Although Fragmented World is just over half an hour long, Split Single bandleader Jason Narducy enriches it with two kinds of experience: the kind he’s picked up working for Bob Mould, Robert Pollard and Superchunk, and the kind he’s picked up living.
The second kind is obviously harder to quantify than the first, but it lives inside these 10 songs and reveals the maturity of the creator as if it were the musical equivalent of the lines that appear around the eyes as people age. Maturity hasn’t winded Narducy; it’s simply advised him to be leaner and more efficient as a singer, guitarist and songwriter than he was back when he was fronting alt-rock groups like Verbow. And his fellow players, bassist Britt Daniel (of Spoon and Divine Fits) and drummer Jon Wurster (who’s also worked for Mould, Pollard and Superchunk), match his economy of gesture and breadth of chops.

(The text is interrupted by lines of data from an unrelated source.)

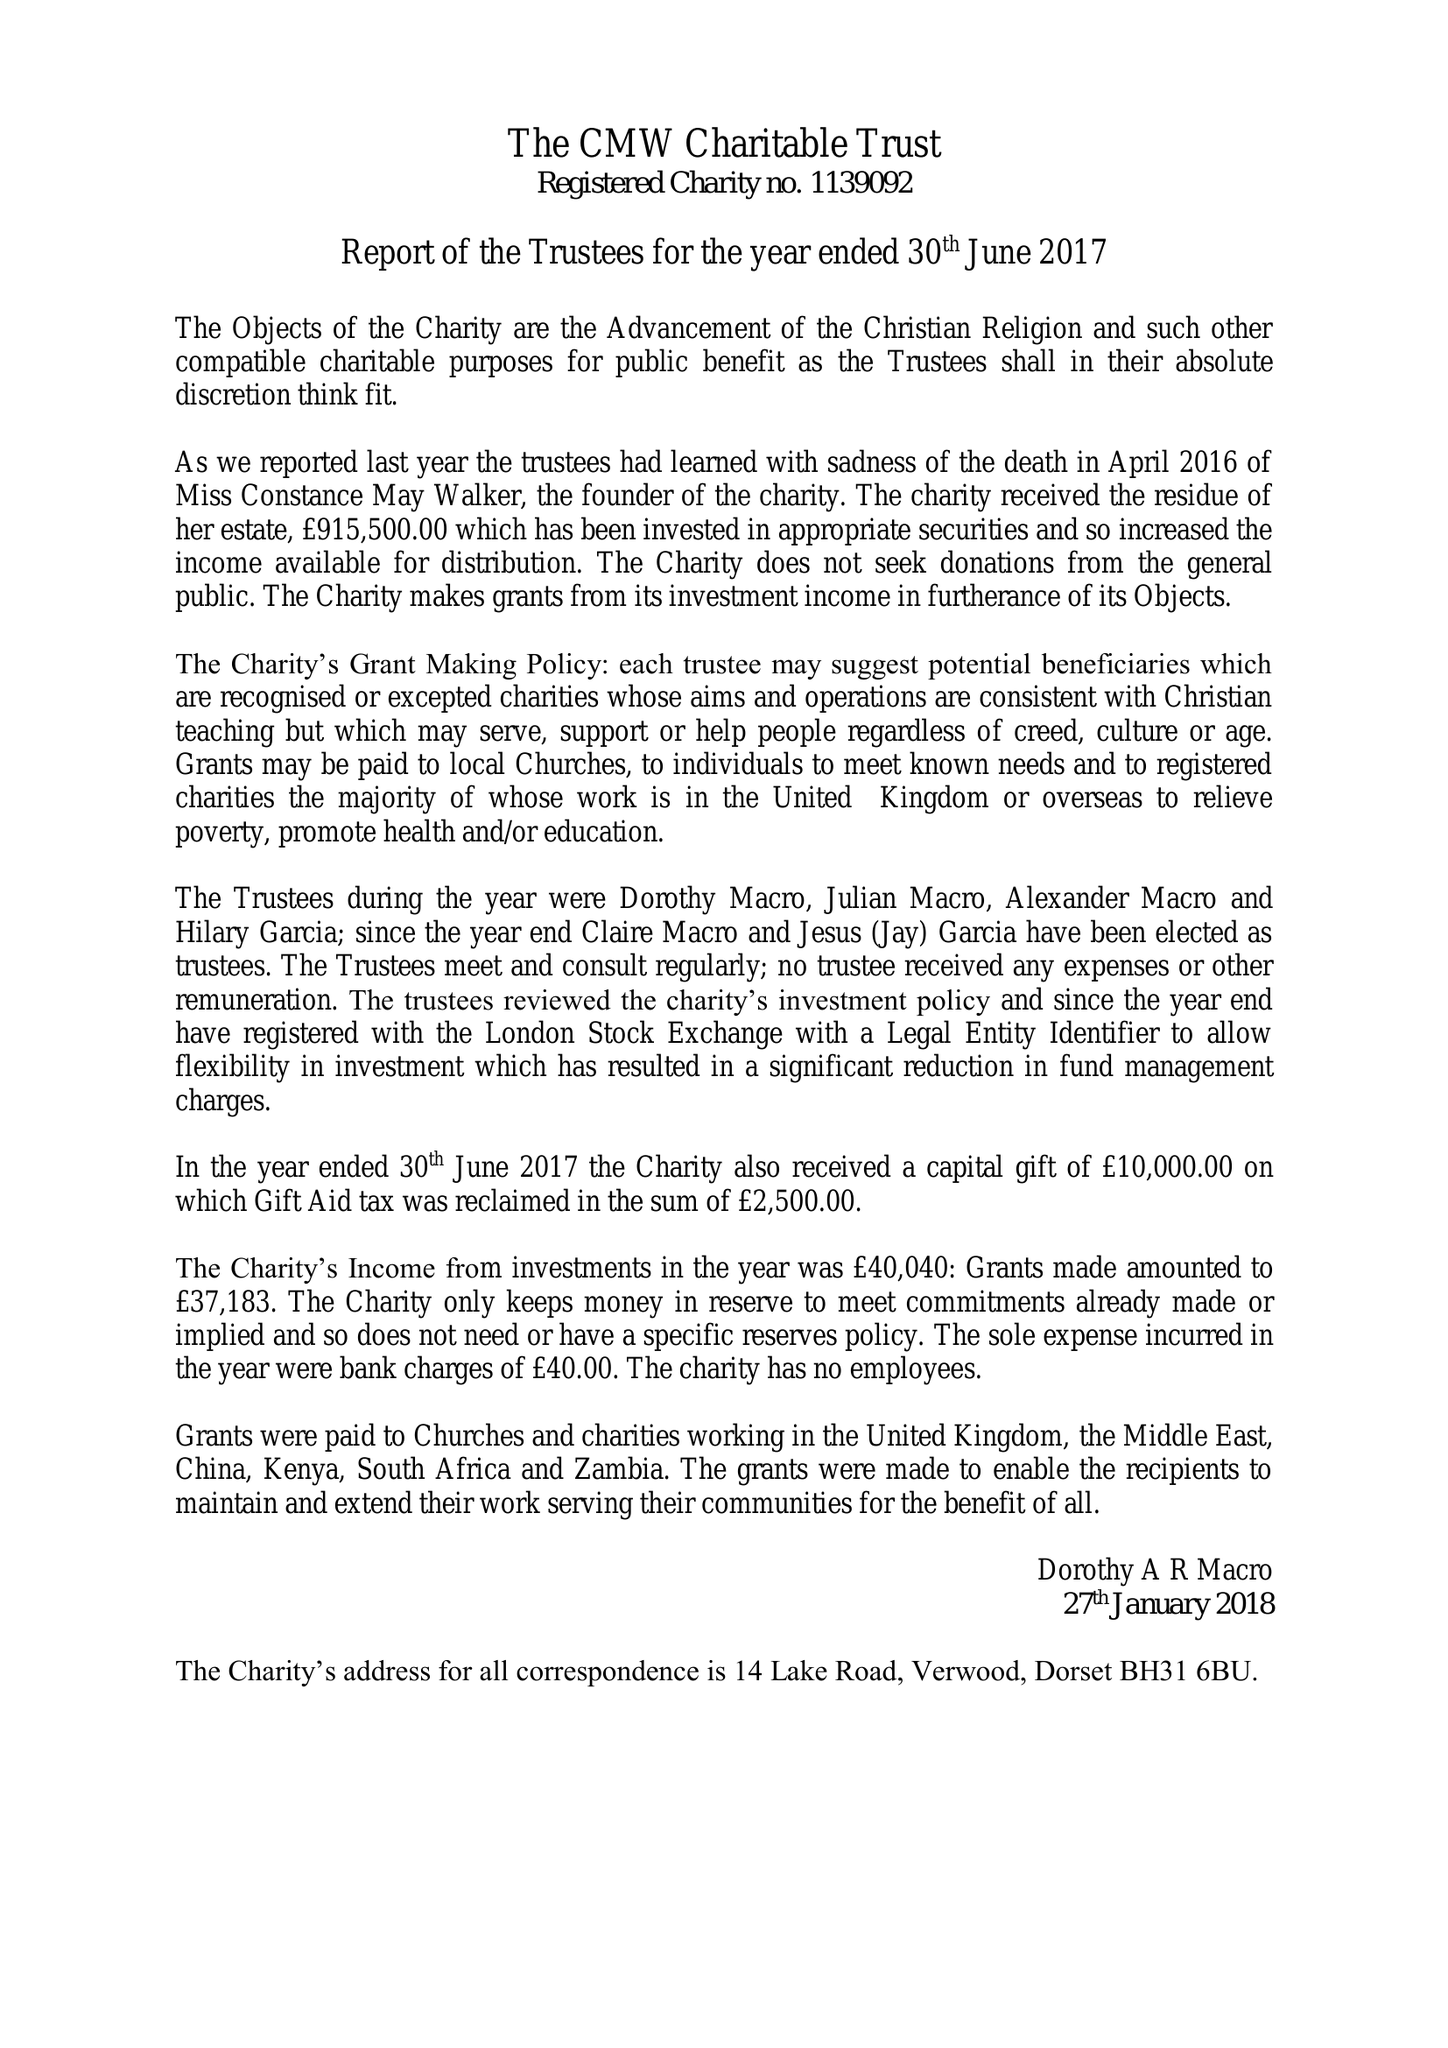What is the value for the spending_annually_in_british_pounds?
Answer the question using a single word or phrase. 37223.00 
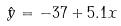<formula> <loc_0><loc_0><loc_500><loc_500>\hat { y } = - 3 7 + 5 . 1 x</formula> 
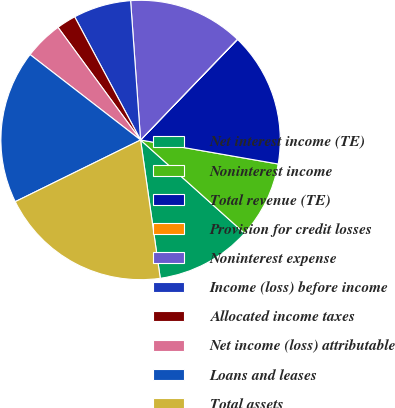Convert chart to OTSL. <chart><loc_0><loc_0><loc_500><loc_500><pie_chart><fcel>Net interest income (TE)<fcel>Noninterest income<fcel>Total revenue (TE)<fcel>Provision for credit losses<fcel>Noninterest expense<fcel>Income (loss) before income<fcel>Allocated income taxes<fcel>Net income (loss) attributable<fcel>Loans and leases<fcel>Total assets<nl><fcel>11.11%<fcel>8.89%<fcel>15.54%<fcel>0.03%<fcel>13.32%<fcel>6.68%<fcel>2.25%<fcel>4.46%<fcel>17.75%<fcel>19.97%<nl></chart>

Tightly unified, Split Single punches in and out of each song—from the shimmering post-rock thaw of “Waiting for the Sun” and the martial-tempo punk explosion of “Monolith” to the power-pop ruefulness of the title track and the lithe, lightly exotic swirl of “Love Is You”—with nary a wasted moment. However, the bitten-off riffs, sinewy rhythms and guarded vocals aren’t symptoms of cold distance. Narducy suffuses Fragmented World with sadness on the edge of tangibility, whether it’s the anticipated ache of “Last Goodbye” or the lingering hurt of “Never Look Back.”
Fragmented World is one of those rock albums that can’t stop giving pleasure, even if it isn’t the same pleasure young rockers partake of on a wild Saturday night. Split Single is more suited to afternoons and evenings, when the more experienced among us often find our best moments.